Needless to say, Williams's follow-up arrives with a huge amount of expectation. Sad to say, The Cottage falls woefully short of his first film, awkwardly mixing stomach-churning horror and black humour without a firm grasp on either.

Reece Shearsmith (from The League Of Gentlemen) is cast as the dithering hero, a supposedly comic counterweight to Andy Serkis's snarling partner in crime, a role he could play in his sleep - and possibly does, in this snoozefest.

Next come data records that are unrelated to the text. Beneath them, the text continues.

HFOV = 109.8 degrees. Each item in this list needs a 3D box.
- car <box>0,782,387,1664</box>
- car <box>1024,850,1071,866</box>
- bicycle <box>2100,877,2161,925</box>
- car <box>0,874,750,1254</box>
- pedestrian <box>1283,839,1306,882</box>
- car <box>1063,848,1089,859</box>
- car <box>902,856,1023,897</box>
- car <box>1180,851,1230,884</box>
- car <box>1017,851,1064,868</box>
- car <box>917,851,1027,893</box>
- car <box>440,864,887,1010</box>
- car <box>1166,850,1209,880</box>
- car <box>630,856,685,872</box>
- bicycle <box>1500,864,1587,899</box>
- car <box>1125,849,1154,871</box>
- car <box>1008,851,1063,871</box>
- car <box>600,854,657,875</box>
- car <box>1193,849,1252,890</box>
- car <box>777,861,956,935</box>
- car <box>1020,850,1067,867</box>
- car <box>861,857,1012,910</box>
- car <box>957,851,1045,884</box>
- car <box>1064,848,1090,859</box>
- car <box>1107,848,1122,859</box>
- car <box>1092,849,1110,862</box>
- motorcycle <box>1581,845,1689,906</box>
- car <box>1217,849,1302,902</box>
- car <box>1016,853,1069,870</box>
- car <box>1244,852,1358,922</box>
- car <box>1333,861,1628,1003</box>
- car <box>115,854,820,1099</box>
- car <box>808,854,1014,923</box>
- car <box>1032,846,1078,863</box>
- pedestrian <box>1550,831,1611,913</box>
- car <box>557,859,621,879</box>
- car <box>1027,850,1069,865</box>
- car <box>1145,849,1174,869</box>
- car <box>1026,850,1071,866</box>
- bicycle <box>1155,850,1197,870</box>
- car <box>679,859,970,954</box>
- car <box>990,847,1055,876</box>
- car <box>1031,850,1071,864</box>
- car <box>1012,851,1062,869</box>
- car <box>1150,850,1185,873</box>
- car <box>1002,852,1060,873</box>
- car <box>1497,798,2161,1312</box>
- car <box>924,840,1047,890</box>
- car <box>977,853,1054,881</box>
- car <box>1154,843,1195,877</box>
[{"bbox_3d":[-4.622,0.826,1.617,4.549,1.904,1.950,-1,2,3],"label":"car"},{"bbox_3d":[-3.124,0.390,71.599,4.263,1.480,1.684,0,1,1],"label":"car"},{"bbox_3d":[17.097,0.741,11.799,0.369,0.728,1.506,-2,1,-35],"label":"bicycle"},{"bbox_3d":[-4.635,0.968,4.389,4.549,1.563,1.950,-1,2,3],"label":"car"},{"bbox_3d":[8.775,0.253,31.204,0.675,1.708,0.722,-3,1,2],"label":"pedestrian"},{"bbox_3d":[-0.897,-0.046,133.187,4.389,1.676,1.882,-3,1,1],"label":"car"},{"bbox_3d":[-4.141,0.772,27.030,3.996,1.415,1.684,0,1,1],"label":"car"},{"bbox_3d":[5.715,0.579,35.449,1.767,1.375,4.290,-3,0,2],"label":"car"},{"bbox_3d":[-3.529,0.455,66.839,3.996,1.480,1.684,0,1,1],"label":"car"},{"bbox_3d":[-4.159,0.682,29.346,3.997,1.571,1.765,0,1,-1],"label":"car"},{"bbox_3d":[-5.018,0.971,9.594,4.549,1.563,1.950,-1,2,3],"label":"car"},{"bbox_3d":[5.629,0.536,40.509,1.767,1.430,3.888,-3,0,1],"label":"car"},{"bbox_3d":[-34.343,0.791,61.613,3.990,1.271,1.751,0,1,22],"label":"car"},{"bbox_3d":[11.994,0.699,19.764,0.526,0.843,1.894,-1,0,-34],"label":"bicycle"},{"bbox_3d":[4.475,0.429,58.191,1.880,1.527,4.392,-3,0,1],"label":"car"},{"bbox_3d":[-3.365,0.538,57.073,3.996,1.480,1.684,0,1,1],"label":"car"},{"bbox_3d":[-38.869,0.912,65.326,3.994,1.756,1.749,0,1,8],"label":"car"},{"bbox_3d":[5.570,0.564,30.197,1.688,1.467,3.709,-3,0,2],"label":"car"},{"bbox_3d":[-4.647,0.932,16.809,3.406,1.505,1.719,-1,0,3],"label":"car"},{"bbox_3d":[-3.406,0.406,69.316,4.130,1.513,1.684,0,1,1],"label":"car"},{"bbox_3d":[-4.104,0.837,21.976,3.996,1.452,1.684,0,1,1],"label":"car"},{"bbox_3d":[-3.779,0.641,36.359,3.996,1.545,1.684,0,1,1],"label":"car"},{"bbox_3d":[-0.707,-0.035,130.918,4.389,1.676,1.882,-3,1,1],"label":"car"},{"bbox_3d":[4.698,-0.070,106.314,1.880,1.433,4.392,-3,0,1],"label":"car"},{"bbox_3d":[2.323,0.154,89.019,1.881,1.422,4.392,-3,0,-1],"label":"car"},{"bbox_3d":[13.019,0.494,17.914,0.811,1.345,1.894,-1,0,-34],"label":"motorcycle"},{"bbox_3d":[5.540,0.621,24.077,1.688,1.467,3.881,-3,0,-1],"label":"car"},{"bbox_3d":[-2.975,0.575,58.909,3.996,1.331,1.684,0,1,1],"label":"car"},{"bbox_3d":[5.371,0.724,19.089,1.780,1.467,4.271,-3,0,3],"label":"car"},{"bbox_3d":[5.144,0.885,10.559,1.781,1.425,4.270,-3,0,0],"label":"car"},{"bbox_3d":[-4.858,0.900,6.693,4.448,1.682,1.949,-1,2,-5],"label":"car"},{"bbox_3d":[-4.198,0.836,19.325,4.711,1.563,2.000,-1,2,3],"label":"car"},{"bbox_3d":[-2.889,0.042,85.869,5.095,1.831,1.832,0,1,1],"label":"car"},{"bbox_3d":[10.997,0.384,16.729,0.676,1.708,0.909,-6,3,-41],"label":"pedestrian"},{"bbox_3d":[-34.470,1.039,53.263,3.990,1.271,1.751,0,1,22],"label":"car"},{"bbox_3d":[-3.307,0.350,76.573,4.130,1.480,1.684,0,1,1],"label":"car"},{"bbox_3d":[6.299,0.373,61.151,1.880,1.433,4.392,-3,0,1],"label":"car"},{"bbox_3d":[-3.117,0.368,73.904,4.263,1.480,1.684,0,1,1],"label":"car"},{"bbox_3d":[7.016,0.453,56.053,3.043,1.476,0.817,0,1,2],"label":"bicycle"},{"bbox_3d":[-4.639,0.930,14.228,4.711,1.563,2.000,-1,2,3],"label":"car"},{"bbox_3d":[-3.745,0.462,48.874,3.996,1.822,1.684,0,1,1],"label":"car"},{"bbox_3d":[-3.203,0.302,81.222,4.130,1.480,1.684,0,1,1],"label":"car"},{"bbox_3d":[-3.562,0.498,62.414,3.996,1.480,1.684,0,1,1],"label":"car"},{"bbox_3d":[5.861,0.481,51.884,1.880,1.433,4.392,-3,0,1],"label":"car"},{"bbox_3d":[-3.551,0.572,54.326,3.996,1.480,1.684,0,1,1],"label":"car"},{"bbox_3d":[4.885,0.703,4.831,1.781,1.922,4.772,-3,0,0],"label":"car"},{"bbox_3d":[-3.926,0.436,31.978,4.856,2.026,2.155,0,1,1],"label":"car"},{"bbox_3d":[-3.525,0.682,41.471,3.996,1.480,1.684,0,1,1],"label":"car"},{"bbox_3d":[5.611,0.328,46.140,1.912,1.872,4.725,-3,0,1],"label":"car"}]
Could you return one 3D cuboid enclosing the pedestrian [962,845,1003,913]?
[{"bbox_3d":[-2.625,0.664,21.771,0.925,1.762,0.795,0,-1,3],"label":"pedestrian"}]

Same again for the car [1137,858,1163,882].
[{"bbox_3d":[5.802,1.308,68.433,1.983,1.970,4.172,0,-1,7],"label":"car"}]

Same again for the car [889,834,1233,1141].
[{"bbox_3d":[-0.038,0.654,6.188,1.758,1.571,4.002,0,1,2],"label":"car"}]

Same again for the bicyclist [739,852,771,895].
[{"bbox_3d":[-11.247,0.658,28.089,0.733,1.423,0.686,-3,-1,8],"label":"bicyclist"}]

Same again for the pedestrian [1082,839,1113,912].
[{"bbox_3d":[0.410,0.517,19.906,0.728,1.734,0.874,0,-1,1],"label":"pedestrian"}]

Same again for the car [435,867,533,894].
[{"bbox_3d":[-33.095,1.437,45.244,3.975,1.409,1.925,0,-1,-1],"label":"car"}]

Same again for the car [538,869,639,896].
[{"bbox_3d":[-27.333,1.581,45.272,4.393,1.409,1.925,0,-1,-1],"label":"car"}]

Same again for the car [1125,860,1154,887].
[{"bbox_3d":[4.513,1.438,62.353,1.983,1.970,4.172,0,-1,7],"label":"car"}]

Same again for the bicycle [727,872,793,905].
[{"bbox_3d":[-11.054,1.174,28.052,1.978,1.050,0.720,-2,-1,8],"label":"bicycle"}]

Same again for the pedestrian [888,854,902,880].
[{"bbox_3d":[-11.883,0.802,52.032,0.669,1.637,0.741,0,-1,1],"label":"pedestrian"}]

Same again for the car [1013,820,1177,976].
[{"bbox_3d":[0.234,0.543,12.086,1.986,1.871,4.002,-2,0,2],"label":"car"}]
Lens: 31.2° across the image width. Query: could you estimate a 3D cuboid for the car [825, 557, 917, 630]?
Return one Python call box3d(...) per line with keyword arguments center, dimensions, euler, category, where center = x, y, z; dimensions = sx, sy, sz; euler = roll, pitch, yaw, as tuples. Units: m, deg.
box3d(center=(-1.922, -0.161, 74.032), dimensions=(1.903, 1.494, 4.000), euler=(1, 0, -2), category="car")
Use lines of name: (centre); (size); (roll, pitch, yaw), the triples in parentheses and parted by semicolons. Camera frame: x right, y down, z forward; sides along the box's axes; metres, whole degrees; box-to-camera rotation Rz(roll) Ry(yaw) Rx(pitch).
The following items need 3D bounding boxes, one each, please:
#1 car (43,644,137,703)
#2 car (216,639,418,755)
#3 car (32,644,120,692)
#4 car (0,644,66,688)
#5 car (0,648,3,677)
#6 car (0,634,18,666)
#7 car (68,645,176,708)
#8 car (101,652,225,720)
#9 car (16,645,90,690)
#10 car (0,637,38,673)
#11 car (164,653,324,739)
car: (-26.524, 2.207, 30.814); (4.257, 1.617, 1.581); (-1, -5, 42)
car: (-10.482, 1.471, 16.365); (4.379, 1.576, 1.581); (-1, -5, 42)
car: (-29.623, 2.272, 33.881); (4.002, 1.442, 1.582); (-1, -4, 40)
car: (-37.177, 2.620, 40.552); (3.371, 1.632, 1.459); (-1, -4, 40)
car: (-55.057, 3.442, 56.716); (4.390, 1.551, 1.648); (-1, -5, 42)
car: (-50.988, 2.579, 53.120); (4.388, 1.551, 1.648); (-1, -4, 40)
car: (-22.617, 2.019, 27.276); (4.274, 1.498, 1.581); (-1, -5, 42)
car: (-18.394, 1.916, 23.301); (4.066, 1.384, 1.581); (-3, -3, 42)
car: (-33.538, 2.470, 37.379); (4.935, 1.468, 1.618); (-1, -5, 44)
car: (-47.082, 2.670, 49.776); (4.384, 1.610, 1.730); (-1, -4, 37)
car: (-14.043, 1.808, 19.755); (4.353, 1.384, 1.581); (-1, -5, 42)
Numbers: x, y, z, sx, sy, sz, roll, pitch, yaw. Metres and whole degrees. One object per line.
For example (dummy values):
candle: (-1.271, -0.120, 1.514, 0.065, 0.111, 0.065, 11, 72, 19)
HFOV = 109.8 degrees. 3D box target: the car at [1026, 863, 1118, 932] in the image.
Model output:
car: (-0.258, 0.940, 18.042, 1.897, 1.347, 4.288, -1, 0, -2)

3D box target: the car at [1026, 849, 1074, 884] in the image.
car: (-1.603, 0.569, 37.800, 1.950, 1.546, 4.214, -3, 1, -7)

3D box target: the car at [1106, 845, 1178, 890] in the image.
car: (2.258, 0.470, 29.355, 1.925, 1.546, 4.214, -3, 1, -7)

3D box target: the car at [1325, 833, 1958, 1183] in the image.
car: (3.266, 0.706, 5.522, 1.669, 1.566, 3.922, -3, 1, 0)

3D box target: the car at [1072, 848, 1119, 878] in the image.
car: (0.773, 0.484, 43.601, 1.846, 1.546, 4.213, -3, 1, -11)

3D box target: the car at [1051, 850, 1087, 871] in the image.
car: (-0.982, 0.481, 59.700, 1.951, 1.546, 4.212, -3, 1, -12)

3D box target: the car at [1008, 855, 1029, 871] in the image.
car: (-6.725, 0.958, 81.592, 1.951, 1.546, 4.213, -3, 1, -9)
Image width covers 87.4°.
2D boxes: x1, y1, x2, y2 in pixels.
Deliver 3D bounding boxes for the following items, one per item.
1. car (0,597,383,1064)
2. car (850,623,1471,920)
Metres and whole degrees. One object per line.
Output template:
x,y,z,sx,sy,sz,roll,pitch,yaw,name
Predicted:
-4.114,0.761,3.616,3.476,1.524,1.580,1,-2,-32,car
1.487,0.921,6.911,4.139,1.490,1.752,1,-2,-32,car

When Serkis isn't drifting off, we certainly are, despite regular doses of grisly violence - impalement, decapitation and dismemberment. Bickering brothers David (Serkis) and Peter (Shearsmith) hope to get rich quick by kidnapping gangster's daughter Tracey (Ellison) then milking her old man, Arnie, for the ransom money. All hell breaks loose as Tracey turns the tables on her captors.

Tension evaporates early on, pacing is sluggish and characters are screaming caricatures who grate on our nerves so badly, we're cheering in the aisles they get hacked them to pieces.

If you can be bothered to stay behind until the end of the credits, you'll be rewarded' with an additional scene with Tracey's father.

Comedy/Horror. Andy Serkis, Jennifer Ellison, Reece Shearsmith, Steve O'Donnell, Logan Wong, Jonathan Chan-Presley.